Yes. I  *think* I've seen  five periods hardcoded somewhere...
First of all: an overview.

You state that the the hw buffering should be two periods, each period 30 or possibly 20 ms. You havn't mentioned sample rate(?), I assume for the moment that we agree on 8 kHz. This would be the interface between the codcc and the sound_alsa stuff. The 20/30 ms is a requirement from the codecs, implemented by the alsa read/write methods.

Andrea has debug printouts from the settings when doing a voice call, see the thread "A comparisom ALSA-PULSE" a few days ago. Basically, this boils down to 8Khz, period size 160 frames == 20ms, hw buffer size = 800 frames = 5 periods == 100 ms. This is the sound_alsa /pulse emulated alsa interface settings. The buffer is way to large.

And when I take a new look today by making a cat of the /proc/asound files I find rate: 44100, period_size: 8192 == 18.5 ms buffer_size: 16384 == 37 ms. This is the real stuff, the way pulse handles the alsa device.

Bottom up: I'm not worried about the 44.1 kHz. Pulse is designed to convert our 8kHz stream to a 44.1 kHz one without any problems. But we should be aware of that what we see in /proc/asound is what pulse sets up against the hw; our settings vs pulse is another issue.
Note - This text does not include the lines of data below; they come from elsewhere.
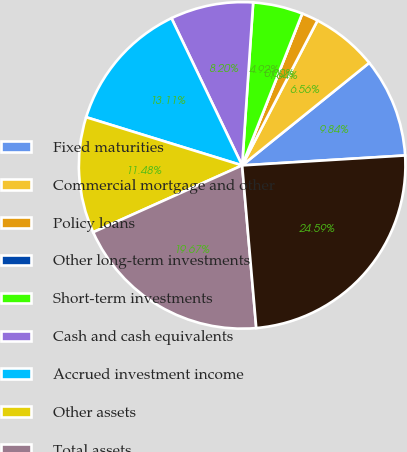Convert chart to OTSL. <chart><loc_0><loc_0><loc_500><loc_500><pie_chart><fcel>Fixed maturities<fcel>Commercial mortgage and other<fcel>Policy loans<fcel>Other long-term investments<fcel>Short-term investments<fcel>Cash and cash equivalents<fcel>Accrued investment income<fcel>Other assets<fcel>Total assets<fcel>Policyholders' account<nl><fcel>9.84%<fcel>6.56%<fcel>1.64%<fcel>0.0%<fcel>4.92%<fcel>8.2%<fcel>13.11%<fcel>11.48%<fcel>19.67%<fcel>24.59%<nl></chart> 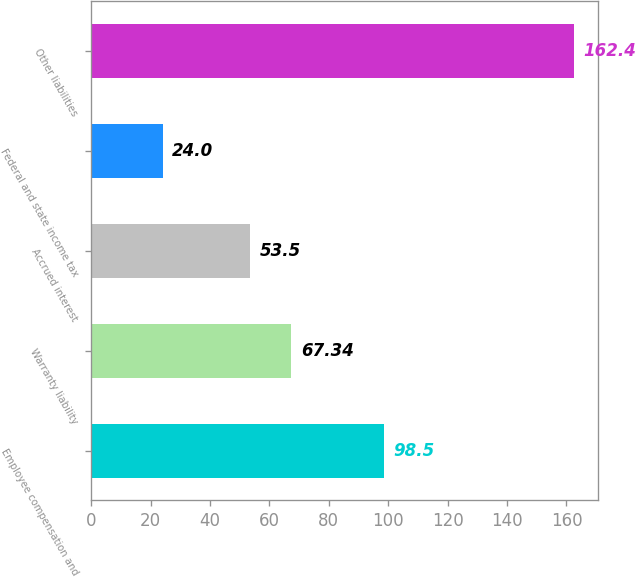Convert chart to OTSL. <chart><loc_0><loc_0><loc_500><loc_500><bar_chart><fcel>Employee compensation and<fcel>Warranty liability<fcel>Accrued interest<fcel>Federal and state income tax<fcel>Other liabilities<nl><fcel>98.5<fcel>67.34<fcel>53.5<fcel>24<fcel>162.4<nl></chart> 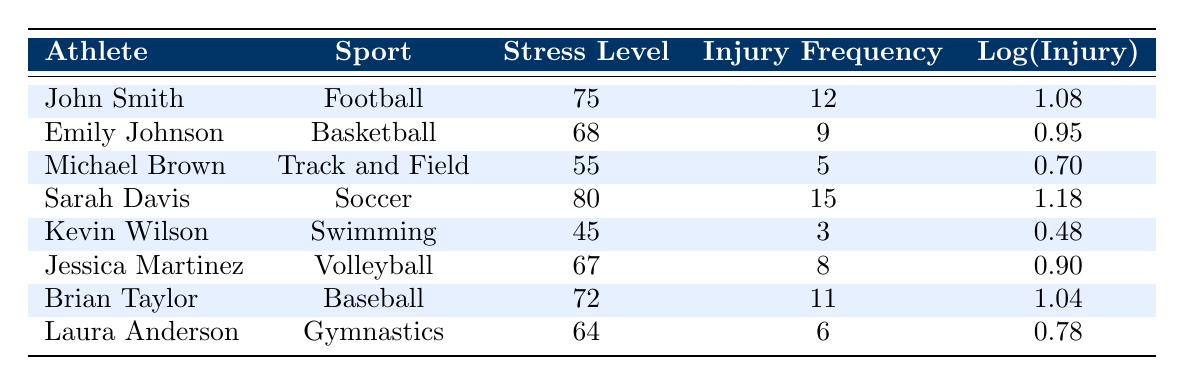What is the stress level of Sarah Davis? From the table, we can directly observe the row corresponding to Sarah Davis, which shows her stress level is listed as 80.
Answer: 80 Which athlete has the highest injury frequency? By comparing the injury frequency values in the table, Sarah Davis has the highest frequency of 15, which is more than any other athlete listed.
Answer: Sarah Davis What is the total injury frequency for athletes with a stress level over 70? The athletes with stress levels over 70 are John Smith (12), Sarah Davis (15), and Brian Taylor (11). Adding these frequencies gives us 12 + 15 + 11 = 38.
Answer: 38 Is Kevin Wilson's injury frequency higher than his stress level? Kevin Wilson has a stress level of 45 and an injury frequency of 3. Since 3 is less than 45, the statement is false.
Answer: No What is the average stress level of all the athletes? To find the average, sum the stress levels of all the athletes: 75 + 68 + 55 + 80 + 45 + 67 + 72 + 64 = 486. Then, divide by the number of athletes (8), giving 486/8 = 60.75.
Answer: 60.75 Which sport has the lowest injury frequency based on the data? The athlete with the lowest injury frequency is Kevin Wilson in Swimming, with a frequency of 3, making Swimming the sport with the lowest injury frequency.
Answer: Swimming Does a higher stress level correlate with a higher injury frequency based on this data? Looking at the table, John Smith has a stress level of 75 and an injury frequency of 12, while Kevin Wilson has a lower stress level of 45 and an even lower injury frequency of 3. This suggests there may not be a direct correlation.
Answer: No What is the difference in injury frequency between the highest and lowest injury frequencies? The highest frequency is Sarah Davis at 15 and the lowest is Kevin Wilson at 3. The difference is 15 - 3 = 12.
Answer: 12

I missed that.

sound_alsa.cxx/pulse: I really need to look into the code here.... Here are a lot of hardcoded values, no symbolic constants... seems that the buffer is initially 4 periods (storedPeriods is initiated to 4). The setBuffer calls changes storedPeriods and thus buffer size - at a glance the code looks OK. So: a simple PTRACE in SetBuffers should reveal how the buffers are set. For the moment, I presume that this is how the codec's requirement on a specific sample rate is implemented.
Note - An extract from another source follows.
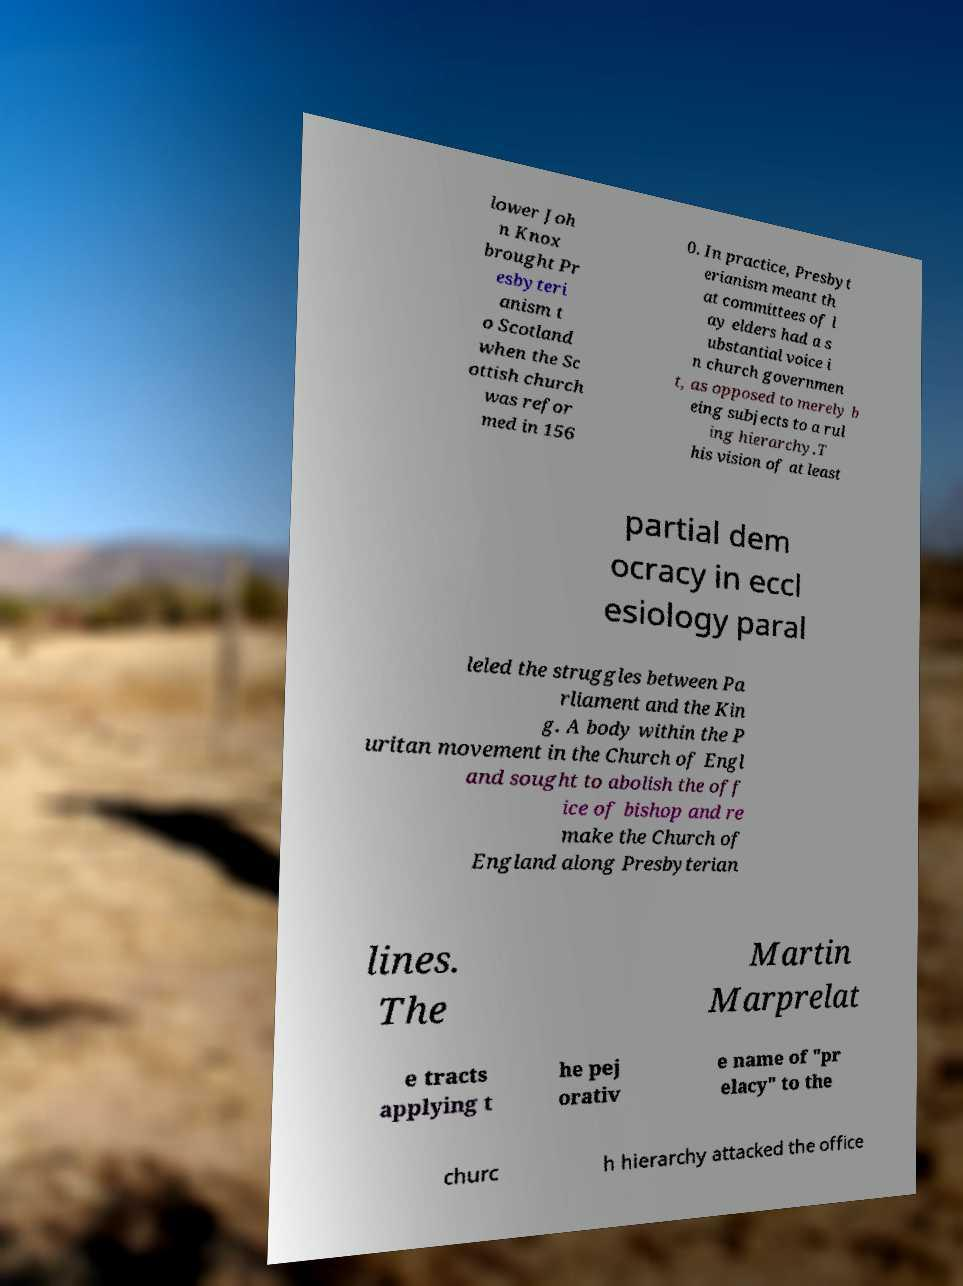Could you assist in decoding the text presented in this image and type it out clearly? lower Joh n Knox brought Pr esbyteri anism t o Scotland when the Sc ottish church was refor med in 156 0. In practice, Presbyt erianism meant th at committees of l ay elders had a s ubstantial voice i n church governmen t, as opposed to merely b eing subjects to a rul ing hierarchy.T his vision of at least partial dem ocracy in eccl esiology paral leled the struggles between Pa rliament and the Kin g. A body within the P uritan movement in the Church of Engl and sought to abolish the off ice of bishop and re make the Church of England along Presbyterian lines. The Martin Marprelat e tracts applying t he pej orativ e name of "pr elacy" to the churc h hierarchy attacked the office

I need a whisky. Later on, I'll try refine the documentation for PsoundChannel.



Answer:
There are two entities that I have seen which can "store" audio to give you a delay.
The jitter buffer, which can store seconds of audio.
There are status variables in the jitter buffer which indicate how long it is buffering audio for.
As I suspected. Thanks also for this. So basically we have network latency, jitter/echo cancellation buffer and the device/alsa buffer, all in total preferably in the 150 - 200 ms range. If there is no echo cancellation, the alsa buffer (if larger) could also be jitter buffer. But not if fancy things like echo cancellation should be performed (?).
You may have the answer here.
 How much delay does the speex echo cancellor introduce ?
No idea. Anyone, out here?

But we seem to have is a 100 ms alsa hw buffer, which will be added to any other buffers involved, including the echo cancellation buffer.

it is defaulted to..
The thing is that when looking at the alsa device from the operating system level (in the /proc filesystem) it's clear that the buffer is 5 periods * 20 ms = 100 ms (details in the thread initiated by Andrea). So something is not as expected... Is the simple truth that the alsa period size doesn't match the codec chunk size? But even if so, should it matter? "suspicious"

Alsa probably introduces a delay/buffering of its own when you do alsa<-->pulse conversions.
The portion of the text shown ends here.